Кайл смотрит на меня, его голубые глаза встречаются с моими, и он просто улыбается.

– Хорошо выглядишь, Соф, – обычным тоном говорит он.

– Хорошо, – я киваю, – теперь никаких остроумных комментариев, но не жди, что сможешь пошутить позже.

– Значит, наш вечер в силе? – спрашивает он.

– Верно. Я довела себя до полусмерти, и пришло время покончить с этой вечеринкой жалости.

– Боже мой.

– Так что ты приготовил? – спрашивает мама, копошась рядом с Кайлом.

– Чили, – он с сияющим видом смотрит на неё, ожидая одобрения.

– О–о–о, мило, – произносит она, – хороший выбор.

Вскоре мы садимся обедать. Мама и Мик открыли бутылку вина, и мы все выпиваем по паре бокалов. Можно сказать, что они очень рады, что мы оба дома, так как мама упоминала об этом минимум двадцать раз.

– Ох, всё как в старые времена.

Мы смеемся над новыми хобби Мика, которыми он хотел заняться в свободное время, но провалился. Кайл рассказывает нам истории о вечеринках, которые посещал довольно часто, его эго снова показывает само себя. Я молчу и просто наслаждаюсь шумом. Смех, который раздаётся после их историй, помогает облегчить боль. И шум выводит меня из моих размышлений. Будто Кайл вернул в наши четыре стены радость, в которой мы нуждались.

Я собрала не все вещи, когда переезжала домой, и вечерние платья не были на первом месте списка того, что нужно взять. Однако мне удалось найти зауженные джинсы и чёрную шёлковую кофточку, которая подойдёт для наряда на «свидание». Я одолжила мамины чёрные «Лабутены» и воспользовалась её косметикой, чтобы скрыть свою ничтожность. Когда я выхожу из комнаты спустя час или около того, Кайл тоже выходит из своей комнаты. На нём тёмно–синие джинсы, чёрные кожаные туфли и чёрная рубашка, которая хорошо смотрится на его загорелом теле. Он оглядывает меня с головы до ног, но секунду не говорит ни слова.

– Мы подходим друг другу, – произношу я, и он улыбается.

– Ты выглядишь великолепно, Соф, этот придурок понятия не имеет, что наделал.

– Думаешь? – Я смущённо смеюсь. Мы уже выпили немного вина, и это немного ослабило мои страдания.

– Я знаю, – усмехается он.

Мы спускаемся вниз и видим своих уважаемых родителей во внутреннем дворике. Они наслаждаются очередными бокалами вина в свете вечернего солнца. Мама смеётся, пока Мик рассказывает ей историю из гольф–клуба. Ему нравится веселить её, и он благодарен ей за внимание. Она так охотно одаривает его вниманием, что за ними приятно наблюдать. Несколько лет назад я переживала, что Мик разобьёт ей сердце. Я считала его распутным, льстивым продавцом машин, который использует её и отбросит в сторону. Однако этого не произошло. Он оказался совсем не таким, он обожает маму, как и она его. Они отлично подходят друг другу.
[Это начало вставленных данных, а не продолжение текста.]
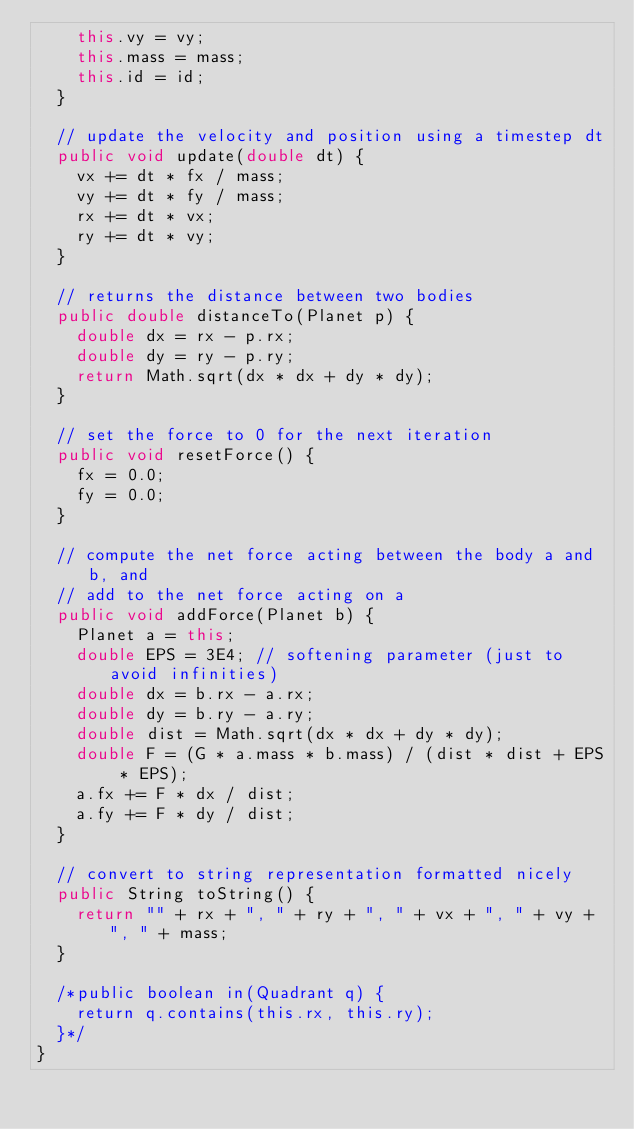<code> <loc_0><loc_0><loc_500><loc_500><_Java_>		this.vy = vy;
		this.mass = mass;
		this.id = id;
	}

	// update the velocity and position using a timestep dt
	public void update(double dt) {
		vx += dt * fx / mass;
		vy += dt * fy / mass;
		rx += dt * vx;
		ry += dt * vy;
	}

	// returns the distance between two bodies
	public double distanceTo(Planet p) {
		double dx = rx - p.rx;
		double dy = ry - p.ry;
		return Math.sqrt(dx * dx + dy * dy);
	}

	// set the force to 0 for the next iteration
	public void resetForce() {
		fx = 0.0;
		fy = 0.0;
	}

	// compute the net force acting between the body a and b, and
	// add to the net force acting on a
	public void addForce(Planet b) {
		Planet a = this;
		double EPS = 3E4; // softening parameter (just to avoid infinities)
		double dx = b.rx - a.rx;
		double dy = b.ry - a.ry;
		double dist = Math.sqrt(dx * dx + dy * dy);
		double F = (G * a.mass * b.mass) / (dist * dist + EPS * EPS);
		a.fx += F * dx / dist;
		a.fy += F * dy / dist;
	}

	// convert to string representation formatted nicely
	public String toString() {
		return "" + rx + ", " + ry + ", " + vx + ", " + vy + ", " + mass;
	}

	/*public boolean in(Quadrant q) {
		return q.contains(this.rx, this.ry);
	}*/
}
</code> 
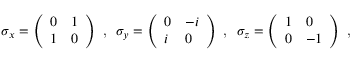<formula> <loc_0><loc_0><loc_500><loc_500>\begin{array} { r } { \sigma _ { x } = \left ( \begin{array} { l l } { 0 } & { 1 } \\ { 1 } & { 0 } \end{array} \right ) , \ \sigma _ { y } = \left ( \begin{array} { l l } { 0 } & { - i } \\ { i } & { 0 } \end{array} \right ) , \ \sigma _ { z } = \left ( \begin{array} { l l } { 1 } & { 0 } \\ { 0 } & { - 1 } \end{array} \right ) , \ } \end{array}</formula> 
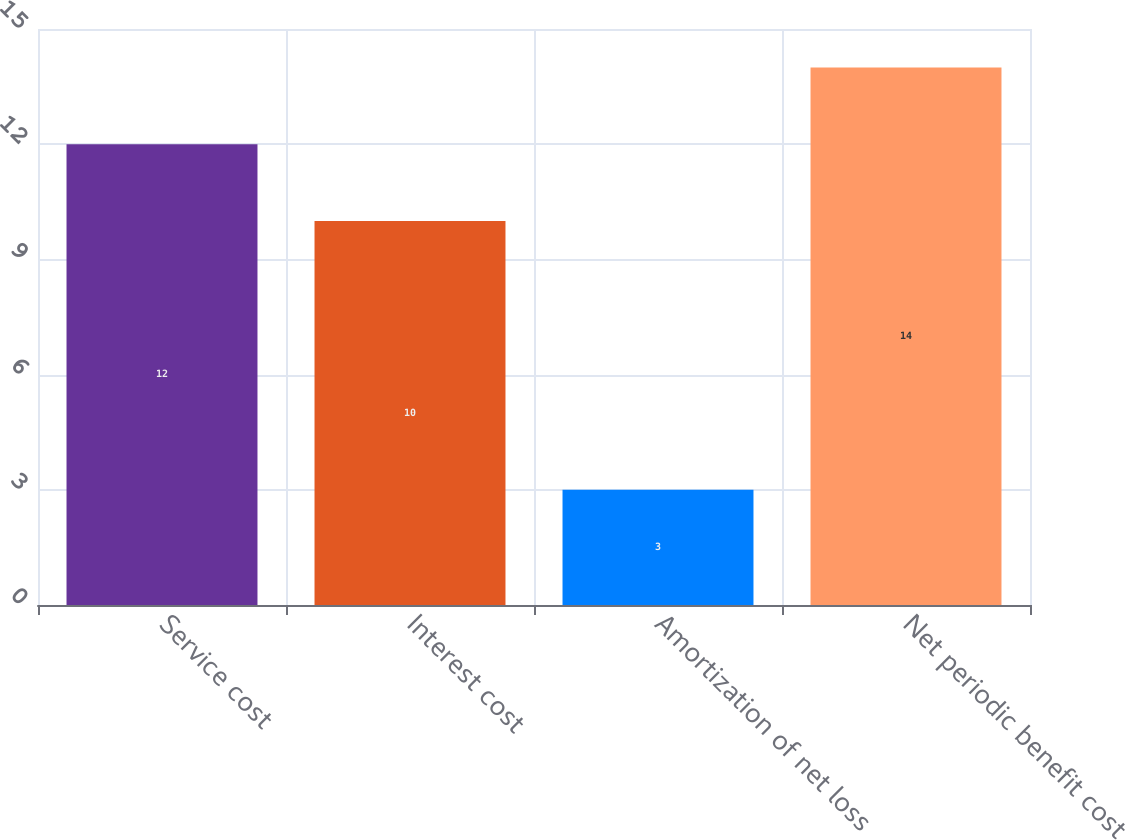Convert chart. <chart><loc_0><loc_0><loc_500><loc_500><bar_chart><fcel>Service cost<fcel>Interest cost<fcel>Amortization of net loss<fcel>Net periodic benefit cost<nl><fcel>12<fcel>10<fcel>3<fcel>14<nl></chart>

– Хорошо, мы вызовем такси, – произносит Кайл.

– Ох, вы двое выглядите очаровательно, – говорит мама, в её голосе до сих пор звенит смех. – Подождите, дайте я вас сфотографирую, – она убегает за своим фотоаппаратом, а Мик откидывается на спинку своего стула, чтобы насладиться последним теплом дня.

– У вас двоих достаточно денег? – спрашивает он. Его голос такой глубокий и властный, что всё, что он говорит, звучит как приказ.

– Пап, нам почти по тридцать лет, ради Бога, у нас теперь есть свои деньги, – отвечает Кайл.

– Старые привычки, – говорит он, подмигивая.

– Так, улыбаемся, – произносит мама, стоя за нами, и мы оба стонем. Кайл кладёт руку мне на талию и притягивает меня к себе. Мы оба улыбаемся, и она кричит: – Сыр!